Support Questions
Find answers, ask questions, and share your expertise

Best practice to load multiple client data into Hadoop

Solved Go to solution

Best practice to load multiple client data into Hadoop

We are creating POC on Hadoop framework .We want to load data of multiple client into Hive tables.

As of now, we have separate database for each client on SQL Server. This infrastructure will remain same for OLTP. Hadoop will be used for OLAP. We have some primary dimension tables which are same for each client. All client database has schema. These tables have same primary key value. Till now, this was fine as we have separate database for client. Now we are trying to load multiple client data into same data container (Hive tables). Now we will have multiple row with same primary key value if we load data directly into Hive from multiple SQL Server databases through Sqoop job. I am thinking to use the surrogate key in Hive tables but Hive does not support auto increment but can be achieved with UDF.

We don't want to modify the SQL Server data as it's running production data.

a. What are the standard/generic way/solution to load multiple client data into Hadoop ecosystem ? We never want that data of different clients gets mixed. Referential constraints are also missing on Hive.

b. How primary key of sql server database table can be mapped easily to Hadoop Hive table so data we can pick data by client name ?

c. How we can ensure that one client is never able to see the data of other client?

Thanks

1 ACCEPTED SOLUTION

Accepted Solutions
Highlighted

Re: Best practice to load multiple client data into Hadoop

@Nirvana India

1) You can have the same setup in Hive. You can create separate database in HCatalog and use sqoop to import client tables. 1 to 1 mapping

2) You can have same table structure in Hive as SqlServer (Sqoop will take care of creating tables in Hive)

3) Ranger with Hive policy will provide the authorization at the table and column level. You can use views for row level control.

PS: Hive is different from RDBMS and I am sure you are not comparing Sql server and Hive

Good read

View solution in original post

7 REPLIES 7
Highlighted

Re: Best practice to load multiple client data into Hadoop

@Nirvana India

1) You can have the same setup in Hive. You can create separate database in HCatalog and use sqoop to import client tables. 1 to 1 mapping

2) You can have same table structure in Hive as SqlServer (Sqoop will take care of creating tables in Hive)

3) Ranger with Hive policy will provide the authorization at the table and column level. You can use views for row level control.

PS: Hive is different from RDBMS and I am sure you are not comparing Sql server and Hive

Good read

View solution in original post

Highlighted

Re: Best practice to load multiple client data into Hadoop

Hi Neeraj,

Yes, we are not comparing SQL Server and Hive.

Could you tell us what if we try to load data of all the clients into a single database.

Will there be any disadvantages of doing this?

We are planning to compare the data of different clients in future. Keeping in same database will share the same schema for all client.

Thanks

Highlighted

Re: Best practice to load multiple client data into Hadoop

@Nirvana India There is no harm in keeping data in the same database but different tables.

Highlighted

Re: Best practice to load multiple client data into Hadoop

We can not create same table for multiple clients. like T_User_Client1, T_User_Client2.
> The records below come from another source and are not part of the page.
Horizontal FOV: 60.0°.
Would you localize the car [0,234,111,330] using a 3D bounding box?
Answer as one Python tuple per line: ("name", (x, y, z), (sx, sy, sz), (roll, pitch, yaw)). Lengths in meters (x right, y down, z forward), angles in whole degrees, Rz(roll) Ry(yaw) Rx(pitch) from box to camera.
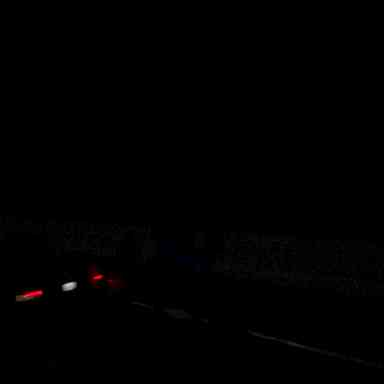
("car", (-4.031, 1.605, 6.871), (5.357, 1.411, 2.033), (-1, 0, 36))
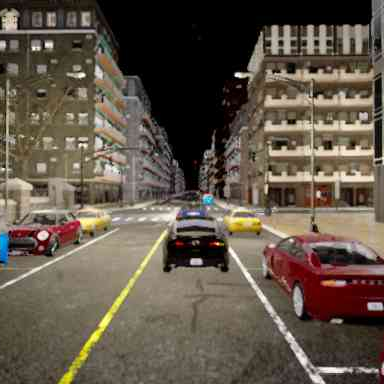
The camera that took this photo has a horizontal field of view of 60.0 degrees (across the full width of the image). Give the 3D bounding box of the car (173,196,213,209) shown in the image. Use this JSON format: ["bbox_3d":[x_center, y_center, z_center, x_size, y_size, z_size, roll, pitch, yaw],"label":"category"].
[{"bbox_3d":[0.119,1.355,21.005,2.097,1.767,4.553,0,0,1],"label":"car"}]

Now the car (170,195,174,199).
[{"bbox_3d":[-5.684,1.521,90.434,1.802,1.307,4.206,1,0,0],"label":"car"}]

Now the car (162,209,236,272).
[{"bbox_3d":[0.103,1.508,10.746,1.837,1.490,4.892,0,0,0],"label":"car"}]

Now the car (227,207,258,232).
[{"bbox_3d":[2.699,1.529,18.529,1.752,1.417,4.829,1,0,0],"label":"car"}]

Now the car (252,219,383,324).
[{"bbox_3d":[2.699,1.547,7.125,1.887,1.381,4.507,1,0,0],"label":"car"}]

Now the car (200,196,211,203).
[{"bbox_3d":[2.697,1.538,67.694,1.947,1.339,4.313,1,0,0],"label":"car"}]

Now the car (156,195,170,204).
[{"bbox_3d":[-5.683,1.560,62.079,1.802,1.307,4.206,1,0,0],"label":"car"}]

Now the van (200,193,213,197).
[{"bbox_3d":[2.701,1.325,56.351,1.690,1.788,3.998,1,0,0],"label":"van"}]

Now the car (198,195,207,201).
[{"bbox_3d":[2.697,1.500,84.706,2.008,1.369,4.403,1,0,0],"label":"car"}]

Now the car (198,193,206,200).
[{"bbox_3d":[2.700,1.254,90.377,2.192,1.841,5.009,1,0,0],"label":"car"}]

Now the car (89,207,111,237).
[{"bbox_3d":[-5.681,1.529,18.205,1.752,1.417,4.829,1,0,0],"label":"car"}]

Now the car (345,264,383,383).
[{"bbox_3d":[2.699,1.545,1.508,1.887,1.381,4.507,1,0,0],"label":"car"}]

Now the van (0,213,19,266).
[{"bbox_3d":[-5.678,1.343,7.148,1.690,1.788,3.998,1,0,0],"label":"van"}]

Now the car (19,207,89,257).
[{"bbox_3d":[-5.680,1.443,12.761,1.967,1.590,4.097,1,0,0],"label":"car"}]
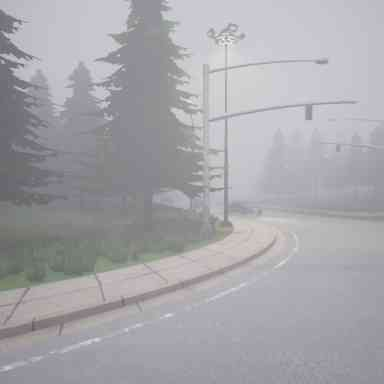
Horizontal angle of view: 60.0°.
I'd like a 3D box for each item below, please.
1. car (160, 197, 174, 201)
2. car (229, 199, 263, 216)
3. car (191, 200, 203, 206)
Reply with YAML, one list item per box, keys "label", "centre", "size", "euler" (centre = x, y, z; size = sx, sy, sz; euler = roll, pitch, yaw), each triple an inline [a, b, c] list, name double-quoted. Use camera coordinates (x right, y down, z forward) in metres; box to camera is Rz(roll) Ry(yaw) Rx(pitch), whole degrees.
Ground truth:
- label: "car"
  centre: [-5.085, 1.600, 67.879]
  size: [1.895, 1.301, 4.718]
  euler: [0, 0, -18]
- label: "car"
  centre: [5.185, 1.491, 32.538]
  size: [2.128, 1.511, 4.902]
  euler: [0, 0, -15]
- label: "car"
  centre: [1.102, 1.492, 47.262]
  size: [2.128, 1.511, 4.902]
  euler: [0, 0, -16]
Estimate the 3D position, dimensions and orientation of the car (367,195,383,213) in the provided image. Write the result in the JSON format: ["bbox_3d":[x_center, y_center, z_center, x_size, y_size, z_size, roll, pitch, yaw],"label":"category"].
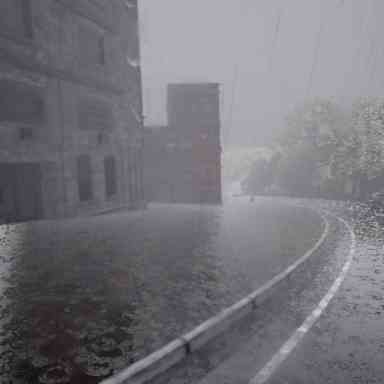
[{"bbox_3d":[15.822,0.897,26.839,2.033,1.411,5.357,-1,1,12],"label":"car"}]

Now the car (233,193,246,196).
[{"bbox_3d":[9.756,0.408,68.671,1.994,1.385,4.181,-3,1,-8],"label":"car"}]
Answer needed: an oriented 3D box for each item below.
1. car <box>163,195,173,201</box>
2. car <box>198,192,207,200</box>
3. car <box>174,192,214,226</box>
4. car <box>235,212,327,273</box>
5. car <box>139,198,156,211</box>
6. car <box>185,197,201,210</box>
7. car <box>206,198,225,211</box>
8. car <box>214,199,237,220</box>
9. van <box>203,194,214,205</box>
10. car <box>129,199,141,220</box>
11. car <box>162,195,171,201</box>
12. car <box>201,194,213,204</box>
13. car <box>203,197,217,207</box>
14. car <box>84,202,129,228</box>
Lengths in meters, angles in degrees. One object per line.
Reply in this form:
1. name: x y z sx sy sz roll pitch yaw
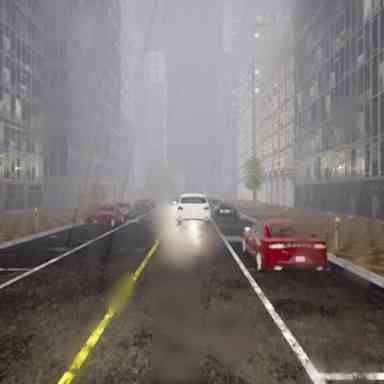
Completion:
1. car: -5.682 1.317 78.811 2.008 1.369 4.403 0 0 0
2. car: 2.700 1.059 84.490 2.192 1.841 5.009 0 0 0
3. car: 0.093 1.168 23.059 2.150 2.045 5.566 0 0 0
4. car: 2.692 1.523 10.492 1.887 1.381 4.507 0 0 0
5. car: -5.686 1.447 38.962 1.887 1.381 4.507 0 0 0
6. car: 0.098 1.421 41.387 1.812 1.442 4.674 0 0 0
7. car: 2.695 1.468 38.953 1.947 1.339 4.313 0 0 0
8. car: 2.694 1.500 27.569 1.947 1.339 4.313 0 0 0
9. van: 2.697 1.190 56.031 1.690 1.788 3.998 0 0 0
10. car: -5.687 1.516 27.578 1.802 1.307 4.206 0 0 0
11. car: -5.683 1.314 72.948 1.752 1.417 4.829 0 0 0
12. car: 2.697 1.269 61.722 1.967 1.590 4.097 0 0 0
13. car: 2.696 1.433 50.337 1.947 1.339 4.313 0 0 0
14. car: -5.687 1.494 21.884 1.887 1.381 4.507 0 0 0

What if we create a single table T_User and we add a new column clientId to identify the client. We add this column on all tables or introduce some sort of surrogate to keep the uniqueness of all data. In this case, we will have single schema & if we have to change schema then not much work is needed

Highlighted

Re: Best practice to load multiple client data into Hadoop

@Nirvana India I did not say same table. I said same database and different tables. You can just map the tables from sql server into hive by using sqoop. If this solves the purpose then I wont go into the complication of adding new column.

Highlighted

Re: Best practice to load multiple client data into Hadoop

- a/c) as Neeraj says Hive provides access controls You could for example create one database per client.

Access Controls on table column level can be done with Ranger or SQLStdAuth (or the simple FileSystem Authentication)

https://community.hortonworks.com/content/kbentry/597/getting-started-with-sqlstdauth.html

- if the client data is in the same table you have a bigger problem, hive does not yet provide row level authentication however you could create one view for each customer with a where clause. Most likely not feasable for large number of clients.

b) Don't understand this completely, the SQL Server primary key contains the clientid? You can put this into Hive the same way you use it in SQL Server however you have no row level access controls. If that is what you are asking.

Also as you say there are no referential constraints which is actual very normal for warehousing databases. So you need to do the constraint check during loads.

Highlighted

Re: Best practice to load multiple client data into Hadoop

Mentor

@Nirvana India has this been resolved? Can you post your solution or accept best answer?